## Work to be completed
What is needed is an exact repeat of the entries, with no pictures in it.

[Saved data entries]
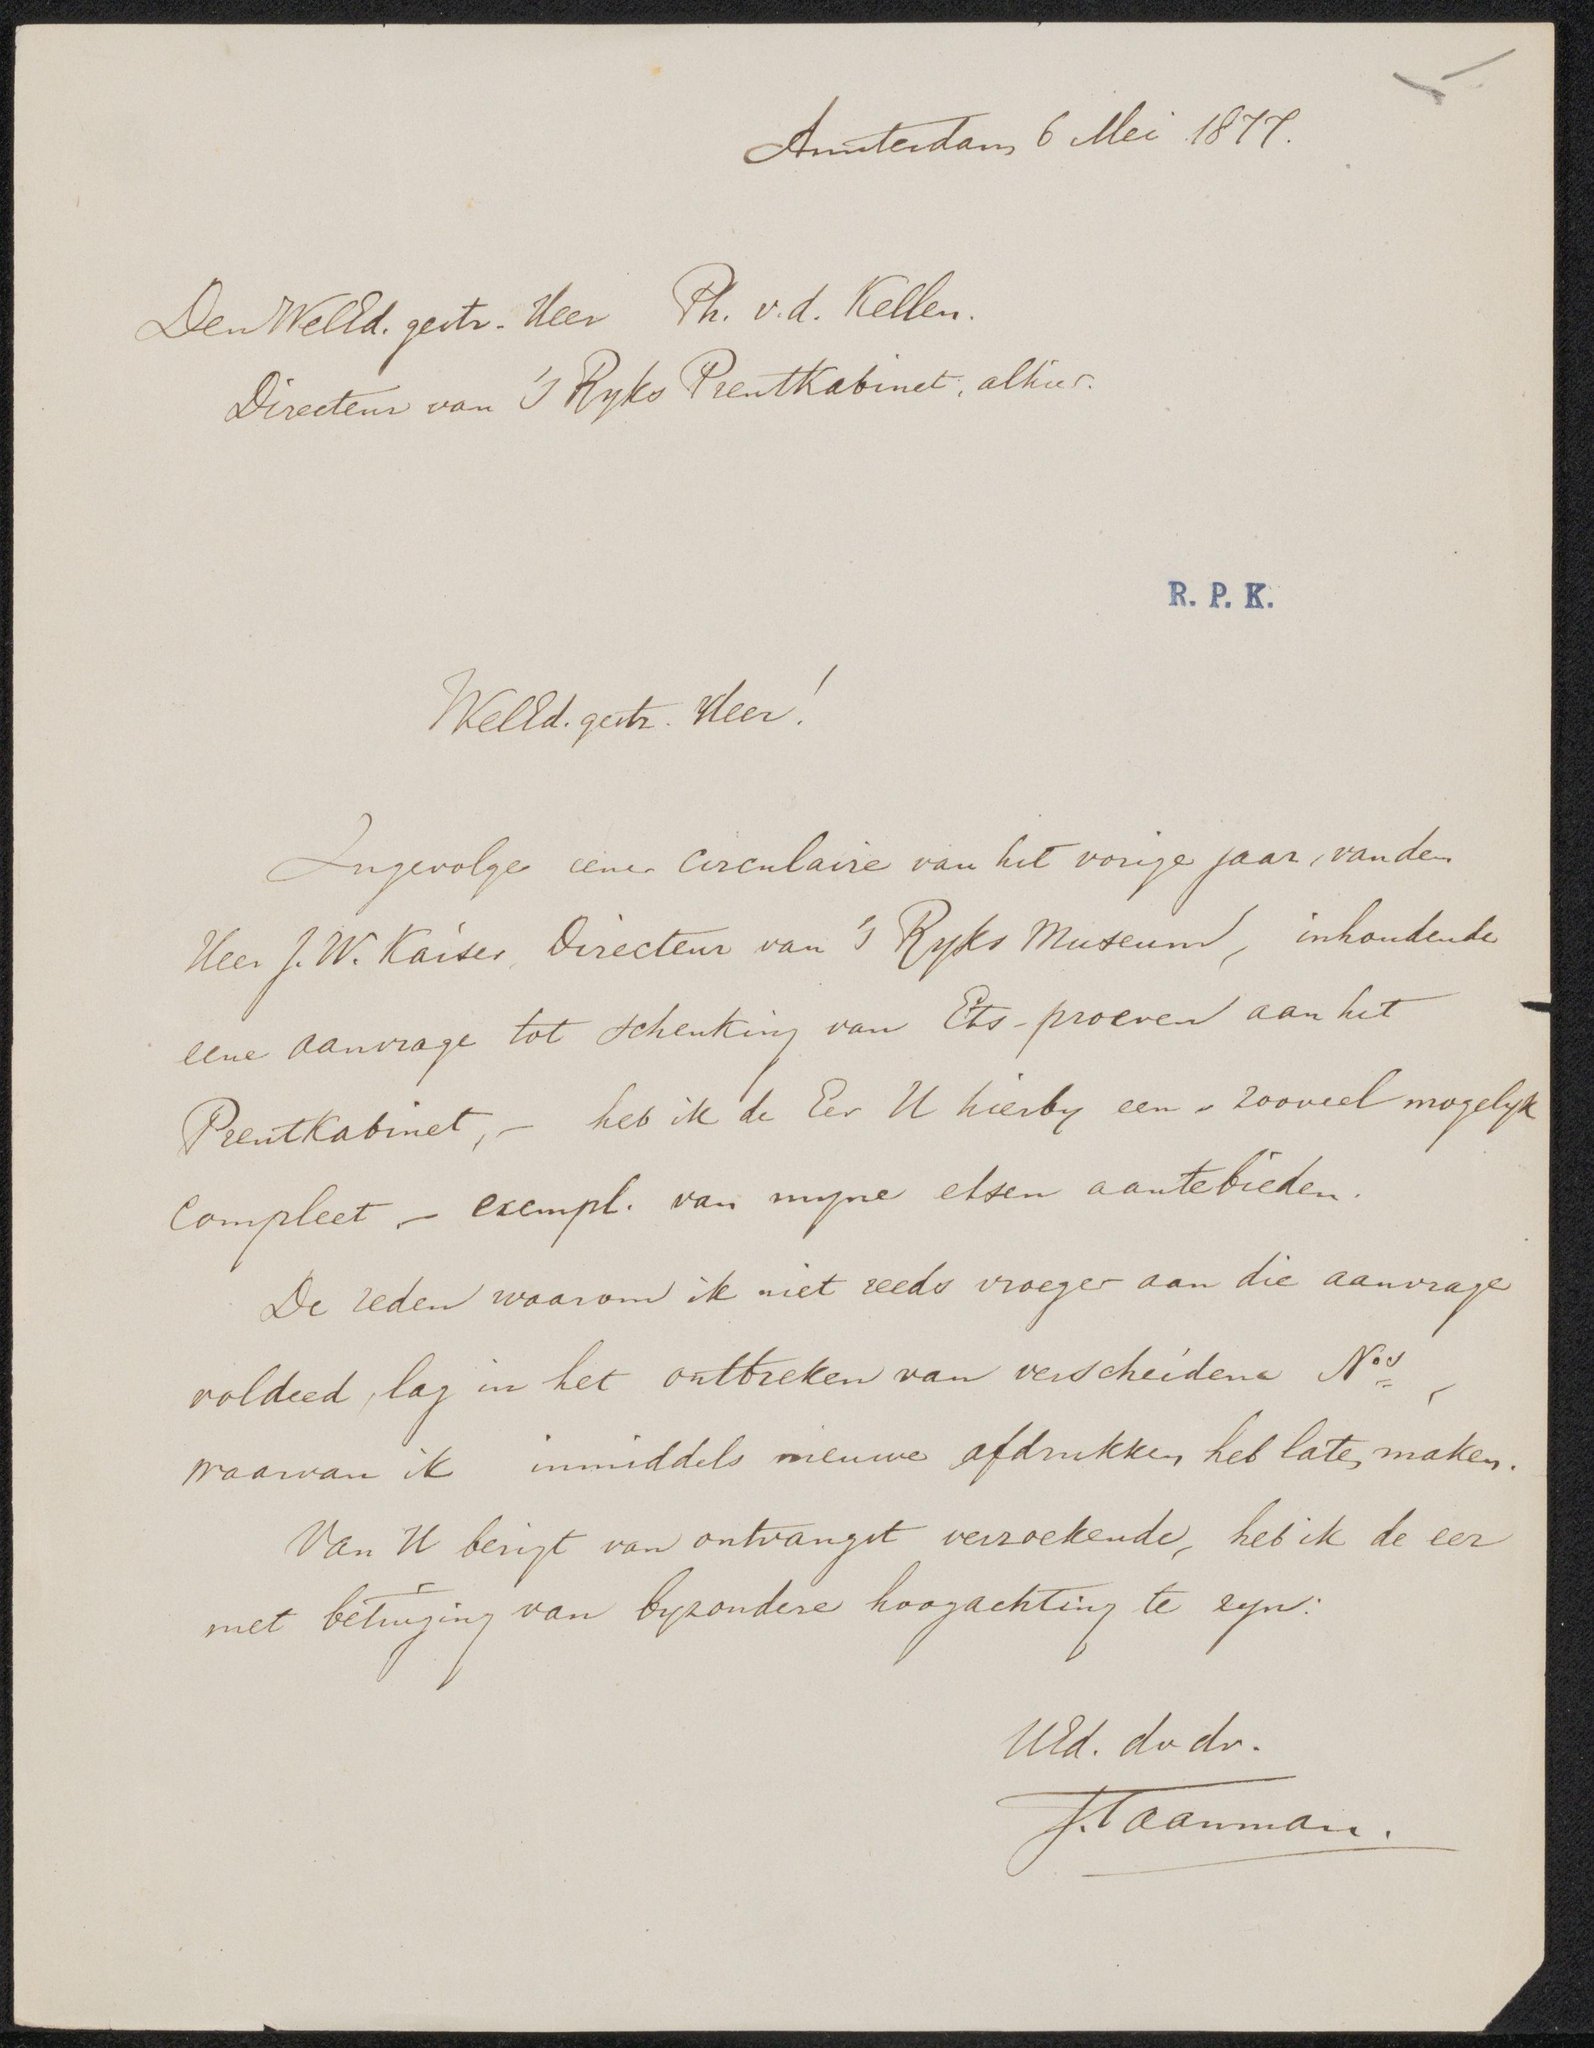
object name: letter
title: Brief aan Johan Philip van der Kellen
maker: jacob taanman
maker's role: draughtsman, print maker
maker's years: 1836-1923
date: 1877
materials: ink, paper
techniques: pen, writing
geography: amsterdam
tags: print room, print maker, draughtsman, johan philip van der kellen, the graphic arts, art collecting
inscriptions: collector's mark: Lugt 2233

## Solution for this task
object name: letter
title: Brief aan Johan Philip van der Kellen
maker: jacob taanman
maker's role: draughtsman, print maker
maker's years: 1836-1923
date: 1877
materials: ink, paper
techniques: pen, writing
geography: amsterdam
tags: print room, print maker, draughtsman, johan philip van der kellen, the graphic arts, art collecting
inscriptions: collector's mark: Lugt 2233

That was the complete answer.